Claude Code Multi-Agent Orchestration AGENTS.md

Claude Code Multi-Agent Orchestration: 6 Patterns (2026)

The Prompt Shelf ·

Multi-agent orchestration is not a buzzword problem. It’s an engineering problem with clear tradeoffs: context isolation vs. coordination overhead, parallelism vs. token cost, flexibility vs. configuration complexity.

Claude Code offers three primitives for multi-agent work — subagents (within a session), agent teams (across sessions, experimental), and background agents (long-running, monitored via the agent view). The 2026 release also made it possible to reference subagent definitions as agent team members, enabling reusable role definitions that work in both contexts.

This guide presents 6 orchestration patterns, each grounded in the official Claude Code docs, with real AGENTS.md configs and an honest look at when each pattern justifies its cost.


The Primitives: What Claude Code Gives You

Before the patterns, a clear map of what’s available:

PrimitiveScopeCommunicationBest For
SubagentsWithin sessionReport to orchestrator onlyQuick parallel workers, context isolation
Agent teamsSeparate sessionsDirect peer messaging + shared task listComplex parallel work requiring debate
Background agentsLong-running, monitoredAgent View (web/desktop)Autonomous tasks, CI-style workflows
--worktree sessionsManual, separate terminalsNone (manual merge)Fully independent parallel branches

The patterns below use subagents and agent teams as the primary building blocks.
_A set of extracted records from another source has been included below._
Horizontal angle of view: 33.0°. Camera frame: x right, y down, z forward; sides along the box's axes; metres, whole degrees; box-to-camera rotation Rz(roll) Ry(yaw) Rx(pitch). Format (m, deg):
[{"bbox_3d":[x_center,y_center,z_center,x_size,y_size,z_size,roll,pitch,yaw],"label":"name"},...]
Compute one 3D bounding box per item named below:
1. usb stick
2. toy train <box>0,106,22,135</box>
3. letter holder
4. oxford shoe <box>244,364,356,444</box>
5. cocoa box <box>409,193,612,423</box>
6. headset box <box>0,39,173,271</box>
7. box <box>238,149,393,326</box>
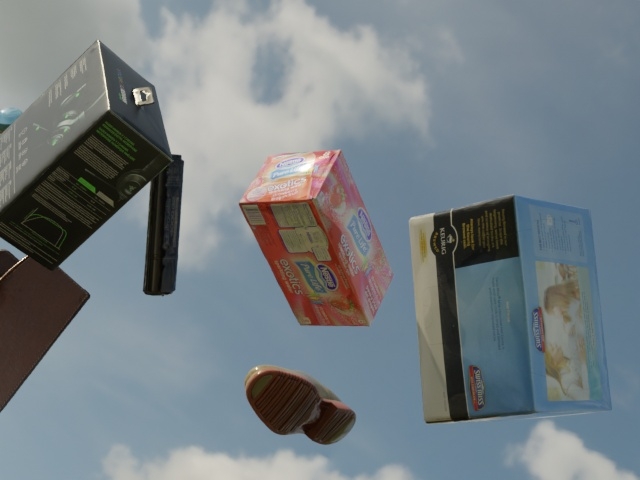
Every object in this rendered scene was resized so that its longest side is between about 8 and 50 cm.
[{"bbox_3d":[-0.303,-0.029,2.084,0.045,0.077,0.278,8,-84,37],"label":"usb stick"},{"bbox_3d":[-0.660,-0.192,2.049,0.248,0.105,0.143,10,-49,11],"label":"toy train"},{"bbox_3d":[-0.552,0.140,1.702,0.214,0.302,0.152,46,-43,-16],"label":"letter holder"},{"bbox_3d":[-0.064,0.315,2.176,0.130,0.123,0.348,44,1,39],"label":"oxford shoe"},{"bbox_3d":[0.312,0.121,1.784,0.231,0.347,0.228,7,-15,-44],"label":"cocoa box"},{"bbox_3d":[-0.368,-0.141,1.653,0.283,0.246,0.131,-41,-55,13],"label":"headset box"},{"bbox_3d":[0.000,0.000,1.899,0.154,0.142,0.300,-2,-49,31],"label":"box"}]
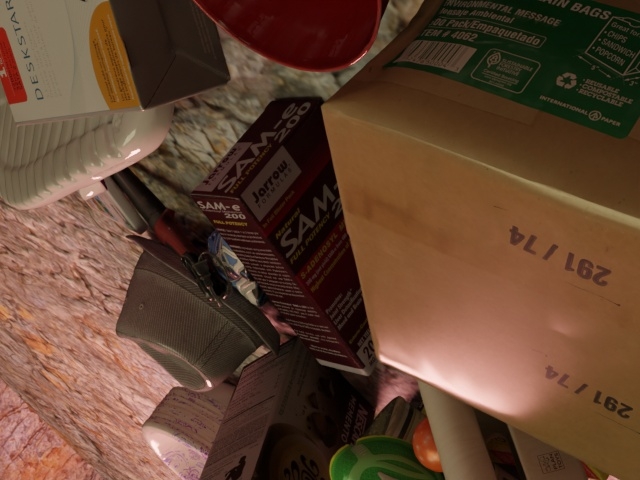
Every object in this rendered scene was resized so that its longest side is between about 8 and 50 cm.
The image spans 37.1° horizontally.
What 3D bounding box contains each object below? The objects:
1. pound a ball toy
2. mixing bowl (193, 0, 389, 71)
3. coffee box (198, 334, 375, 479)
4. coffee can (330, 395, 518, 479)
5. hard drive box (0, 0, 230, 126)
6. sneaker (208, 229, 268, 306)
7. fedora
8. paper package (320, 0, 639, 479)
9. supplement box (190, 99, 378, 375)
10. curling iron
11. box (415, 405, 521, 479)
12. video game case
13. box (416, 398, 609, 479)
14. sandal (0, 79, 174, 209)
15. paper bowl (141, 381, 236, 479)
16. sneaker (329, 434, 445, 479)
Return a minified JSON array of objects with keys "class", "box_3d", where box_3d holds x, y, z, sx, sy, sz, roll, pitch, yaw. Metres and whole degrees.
[{"class":"pound a ball toy","box_3d":[0.147,0.188,0.810,0.208,0.135,0.319,67,-173,-47]},{"class":"mixing bowl","box_3d":[-0.013,-0.208,0.607,0.181,0.098,0.181,30,153,17]},{"class":"coffee box","box_3d":[-0.043,0.285,1.210,0.119,0.297,0.168,-33,110,29]},{"class":"coffee can","box_3d":[0.143,0.329,1.035,0.275,0.201,0.201,35,154,2]},{"class":"hard drive box","box_3d":[-0.197,-0.197,0.798,0.232,0.089,0.181,2,112,50]},{"class":"sneaker","box_3d":[-0.092,0.005,1.074,0.081,0.080,0.211,29,153,13]},{"class":"fedora","box_3d":[-0.181,0.108,1.243,0.275,0.124,0.244,18,157,51]},{"class":"paper package","box_3d":[0.194,0.008,0.620,0.325,0.168,0.309,24,150,27]},{"class":"supplement box","box_3d":[0.000,0.000,0.894,0.073,0.130,0.239,6,141,47]},{"class":"curling iron","box_3d":[-0.182,-0.025,1.119,0.274,0.035,0.068,47,159,33]},{"class":"box","box_3d":[0.155,0.297,1.221,0.156,0.093,0.158,37,155,1]},{"class":"video game case","box_3d":[-0.304,-0.084,1.245,0.143,0.019,0.157,24,153,47]},{"class":"box","box_3d":[0.209,0.202,1.037,0.087,0.058,0.232,47,152,-22]},{"class":"sandal","box_3d":[-0.264,-0.116,1.061,0.102,0.169,0.416,6,177,-39]},{"class":"paper bowl","box_3d":[-0.156,0.354,1.647,0.284,0.148,0.284,30,153,17]},{"class":"sneaker","box_3d":[0.116,0.305,0.874,0.295,0.109,0.123,56,176,5]}]
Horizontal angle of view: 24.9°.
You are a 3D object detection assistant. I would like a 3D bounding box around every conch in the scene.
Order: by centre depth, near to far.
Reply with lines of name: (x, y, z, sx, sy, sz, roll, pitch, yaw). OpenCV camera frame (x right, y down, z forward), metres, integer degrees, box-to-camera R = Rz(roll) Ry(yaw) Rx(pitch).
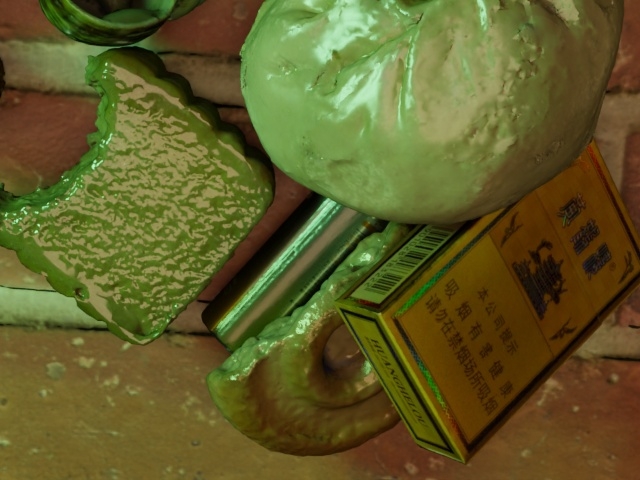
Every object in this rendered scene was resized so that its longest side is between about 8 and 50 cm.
conch: (-0.182, -0.251, 1.384, 0.181, 0.124, 0.187, -5, 60, -18)

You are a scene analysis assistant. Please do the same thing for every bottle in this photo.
bottle: (0.000, 0.000, 1.482, 0.082, 0.082, 0.286, 42, 98, -10)

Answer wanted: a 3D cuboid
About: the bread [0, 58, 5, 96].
bread: (-0.382, -0.143, 1.392, 0.132, 0.172, 0.103, -3, 104, -1)

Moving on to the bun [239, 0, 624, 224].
bun: (0.102, -0.179, 1.322, 0.362, 0.234, 0.326, -17, 65, 4)

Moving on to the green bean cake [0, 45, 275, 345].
green bean cake: (-0.189, -0.050, 1.444, 0.233, 0.124, 0.236, 40, 99, -10)

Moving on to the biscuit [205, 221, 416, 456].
biscuit: (0.035, 0.113, 1.464, 0.274, 0.091, 0.213, -47, 128, 2)

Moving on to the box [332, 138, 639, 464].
box: (0.176, 0.043, 1.411, 0.301, 0.084, 0.193, -42, 118, -22)
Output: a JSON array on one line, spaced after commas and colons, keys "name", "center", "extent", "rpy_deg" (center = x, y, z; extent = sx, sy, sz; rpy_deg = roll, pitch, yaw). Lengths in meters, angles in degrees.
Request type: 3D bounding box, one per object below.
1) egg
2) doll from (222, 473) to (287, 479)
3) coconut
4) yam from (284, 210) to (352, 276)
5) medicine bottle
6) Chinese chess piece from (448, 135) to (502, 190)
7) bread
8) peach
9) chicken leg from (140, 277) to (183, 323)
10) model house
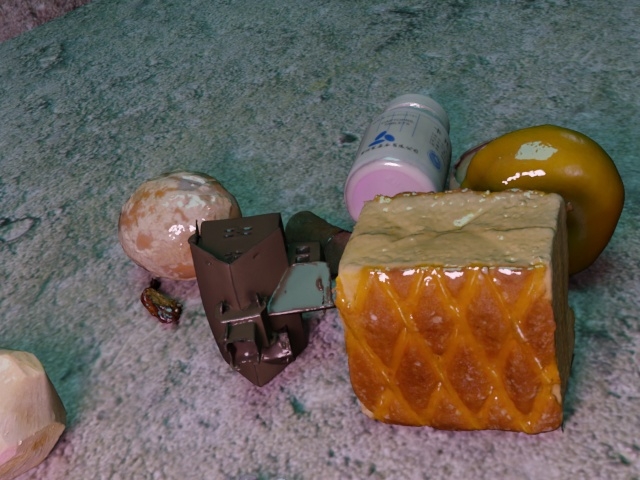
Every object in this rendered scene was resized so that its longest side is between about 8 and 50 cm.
[{"name": "egg", "center": [-0.242, -0.026, 1.697], "extent": [0.233, 0.195, 0.195], "rpy_deg": [-5, 29, 37]}, {"name": "doll", "center": [-0.121, 0.341, 1.183], "extent": [0.195, 0.070, 0.096], "rpy_deg": [-30, 51, -16]}, {"name": "coconut", "center": [-0.463, 0.231, 1.339], "extent": [0.236, 0.237, 0.197], "rpy_deg": [-30, 67, -27]}, {"name": "yam", "center": [0.000, 0.003, 1.680], "extent": [0.084, 0.084, 0.127], "rpy_deg": [-28, 31, -25]}, {"name": "medicine bottle", "center": [0.148, -0.142, 1.775], "extent": [0.170, 0.170, 0.293], "rpy_deg": [-2, 32, 16]}, {"name": "Chinese chess piece", "center": [0.346, -0.092, 1.696], "extent": [0.249, 0.103, 0.250], "rpy_deg": [-10, 31, 6]}, {"name": "bread", "center": [0.182, 0.091, 1.292], "extent": [0.278, 0.279, 0.207], "rpy_deg": [2, 36, 19]}, {"name": "peach", "center": [0.329, -0.055, 1.491], "extent": [0.251, 0.251, 0.153], "rpy_deg": [-4, 25, 12]}, {"name": "chicken leg", "center": [-0.271, 0.099, 1.652], "extent": [0.062, 0.038, 0.145], "rpy_deg": [-4, 25, -32]}, {"name": "model house", "center": [-0.079, 0.095, 1.422], "extent": [0.204, 0.211, 0.243], "rpy_deg": [-10, 26, 6]}]
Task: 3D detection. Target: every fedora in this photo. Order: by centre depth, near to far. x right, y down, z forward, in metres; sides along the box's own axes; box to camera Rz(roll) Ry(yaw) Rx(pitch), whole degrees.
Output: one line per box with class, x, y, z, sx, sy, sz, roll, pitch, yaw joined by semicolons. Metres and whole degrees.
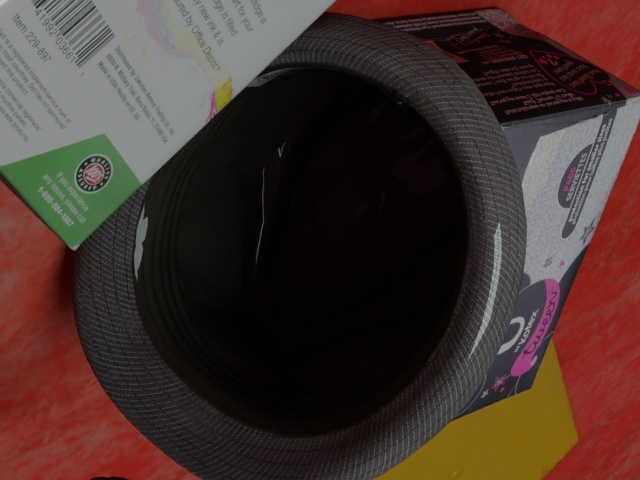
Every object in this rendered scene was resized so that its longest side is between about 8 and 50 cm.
fedora;0.000;0.000;0.779;0.275;0.244;0.124;-62;167;21

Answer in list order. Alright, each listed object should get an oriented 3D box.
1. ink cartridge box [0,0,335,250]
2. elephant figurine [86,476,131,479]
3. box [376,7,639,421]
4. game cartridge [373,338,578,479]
ink cartridge box;-0.094;-0.126;0.641;0.212;0.093;0.154;-44;146;-9
elephant figurine;-0.246;0.185;0.717;0.169;0.186;0.239;-36;-166;45
box;0.087;-0.011;0.920;0.163;0.142;0.247;-14;132;-42
game cartridge;0.106;0.195;1.232;0.285;0.053;0.323;-42;143;-13
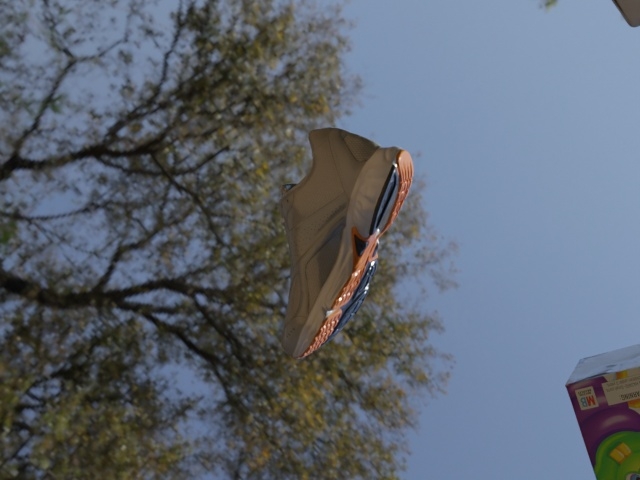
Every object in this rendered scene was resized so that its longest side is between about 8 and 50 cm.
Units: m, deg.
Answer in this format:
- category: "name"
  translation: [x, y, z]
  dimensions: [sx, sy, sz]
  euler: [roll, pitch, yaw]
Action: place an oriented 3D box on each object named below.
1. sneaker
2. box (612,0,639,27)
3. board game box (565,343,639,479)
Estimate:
- category: "sneaker"
  translation: [0.000, 0.000, 1.000]
  dimensions: [0.121, 0.099, 0.262]
  euler: [30, -69, 19]
- category: "box"
  translation: [0.240, -0.261, 0.656]
  dimensions: [0.113, 0.094, 0.275]
  euler: [-27, -156, 31]
- category: "board game box"
  translation: [0.355, 0.241, 0.910]
  dimensions: [0.142, 0.275, 0.144]
  euler: [-19, 176, 22]
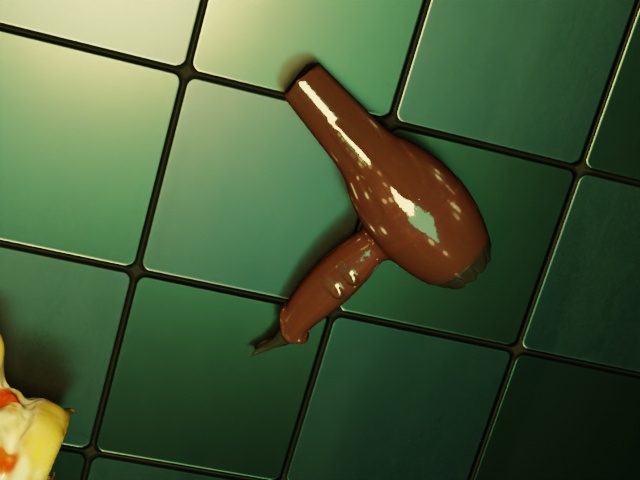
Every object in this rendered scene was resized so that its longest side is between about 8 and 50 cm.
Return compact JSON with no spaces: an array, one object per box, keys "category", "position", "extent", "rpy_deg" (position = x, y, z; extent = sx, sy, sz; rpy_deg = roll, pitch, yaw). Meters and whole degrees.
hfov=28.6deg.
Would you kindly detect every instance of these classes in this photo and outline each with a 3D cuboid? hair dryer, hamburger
[{"category":"hair dryer","position":[0.000,0.000,1.499],"extent":[0.312,0.123,0.340],"rpy_deg":[43,109,-9]},{"category":"hamburger","position":[-0.412,0.252,1.431],"extent":[0.186,0.261,0.302],"rpy_deg":[34,82,-14]}]
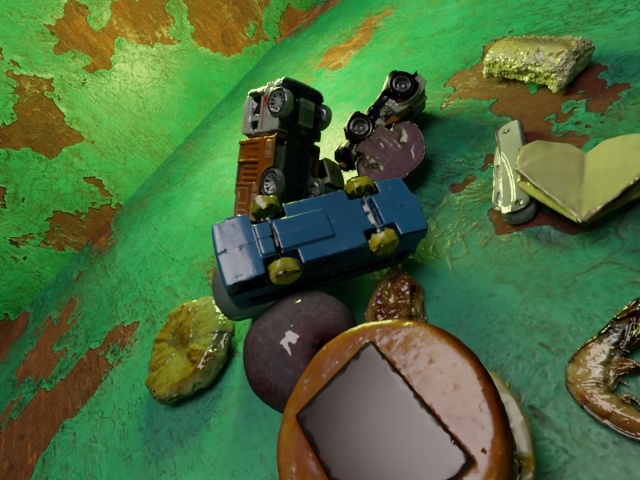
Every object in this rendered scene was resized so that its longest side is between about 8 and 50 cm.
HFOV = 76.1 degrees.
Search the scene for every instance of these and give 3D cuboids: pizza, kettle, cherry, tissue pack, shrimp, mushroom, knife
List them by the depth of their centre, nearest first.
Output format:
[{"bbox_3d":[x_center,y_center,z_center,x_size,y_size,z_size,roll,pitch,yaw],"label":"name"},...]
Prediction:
[{"bbox_3d":[0.396,0.146,0.477,0.195,0.035,0.148,-49,32,4],"label":"shrimp"},{"bbox_3d":[-0.032,0.194,0.720,0.265,0.184,0.213,5,55,40],"label":"cherry"},{"bbox_3d":[0.128,0.142,0.726,0.127,0.058,0.247,-10,49,37],"label":"pizza"},{"bbox_3d":[0.370,-0.140,0.794,0.073,0.040,0.266,-15,44,36],"label":"knife"},{"bbox_3d":[-0.094,0.081,0.960,0.243,0.160,0.210,-13,16,26],"label":"kettle"},{"bbox_3d":[0.163,-0.181,0.966,0.188,0.117,0.141,-43,61,-14],"label":"mushroom"},{"bbox_3d":[-0.028,-0.157,1.134,0.170,0.103,0.091,-18,79,28],"label":"tissue pack"}]

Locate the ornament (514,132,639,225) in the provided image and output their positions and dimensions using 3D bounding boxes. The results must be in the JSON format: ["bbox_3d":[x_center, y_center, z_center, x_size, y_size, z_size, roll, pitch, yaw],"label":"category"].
[{"bbox_3d":[0.418,-0.095,0.654,0.201,0.059,0.180,4,55,33],"label":"ornament"}]

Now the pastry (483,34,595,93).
[{"bbox_3d":[0.481,-0.413,0.933,0.121,0.089,0.258,-32,38,-5],"label":"pastry"}]

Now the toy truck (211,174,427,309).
[{"bbox_3d":[0.000,0.000,0.773,0.384,0.162,0.161,-16,63,-12],"label":"toy truck"}]

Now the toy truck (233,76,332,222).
[{"bbox_3d":[-0.111,-0.188,1.028,0.206,0.173,0.388,8,93,41],"label":"toy truck"}]

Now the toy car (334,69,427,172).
[{"bbox_3d":[0.154,-0.299,1.079,0.301,0.118,0.193,-48,-5,-4],"label":"toy car"}]

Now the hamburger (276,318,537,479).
[{"bbox_3d":[0.110,0.244,0.490,0.290,0.225,0.291,-19,48,23],"label":"hamburger"}]

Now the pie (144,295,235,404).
[{"bbox_3d":[-0.332,0.270,1.034,0.306,0.071,0.307,-27,41,26],"label":"pie"}]

Background agents are covered where they add value for specific use cases.


Pattern 1: Orchestrator-Worker

Description: One orchestrator agent manages multiple worker agents. Workers are specialized for specific tasks and report only to the orchestrator.

When to use: Task has clearly decomposable subtasks. Workers don’t need to know what other workers are doing. This is the baseline multi-agent pattern.

AGENTS.md Configuration

# agents

## orchestrator
description: Manages the overall task. Breaks work into subtasks, spawns specialized workers, synthesizes results, and produces the final output.
tools: read, task_create, agent_spawn
model: claude-opus-4-5

## code-writer
description: Writes implementation code based on a specification. Receives a clear spec, produces working code with tests. Does not modify existing files.
tools: read, write, bash, edit
isolation: worktree
model: claude-sonnet-4-6

## code-reviewer
description: Reviews code diffs for correctness, security, and style. Returns structured findings with severity ratings.
tools: read, bash
model: claude-haiku-4-5

## doc-writer
description: Writes technical documentation for a completed implementation. Receives the implementation and writes clear API docs.
tools: read, write
model: claude-haiku-4-5

Orchestration Prompt

You are the orchestrator.

Task: Implement a rate-limiting middleware for our Express API.

Plan:
1. Spawn code-writer to implement src/middleware/rate-limiter.ts with Redis backend
2. Spawn code-reviewer to review the implementation
3. If reviewer finds critical issues, spawn code-writer again with reviewer feedback
4. Spawn doc-writer to document the middleware API

Return a summary of: what was implemented, any issues found/fixed, and where docs were written.

Cost Analysis

RoleModelEstimated TokensCost Estimate
OrchestratorOpus15K in / 8K out~$0.35
Code-writerSonnet25K in / 20K out~$0.45
Code-reviewerHaiku30K in / 5K out~$0.05
Doc-writerHaiku20K in / 8K out~$0.04
TotalMixed~90K tokens~$0.89

Compare: a single Opus session for the same task typically uses 40–60K tokens at ~$1.20+, with less specialized quality on each component.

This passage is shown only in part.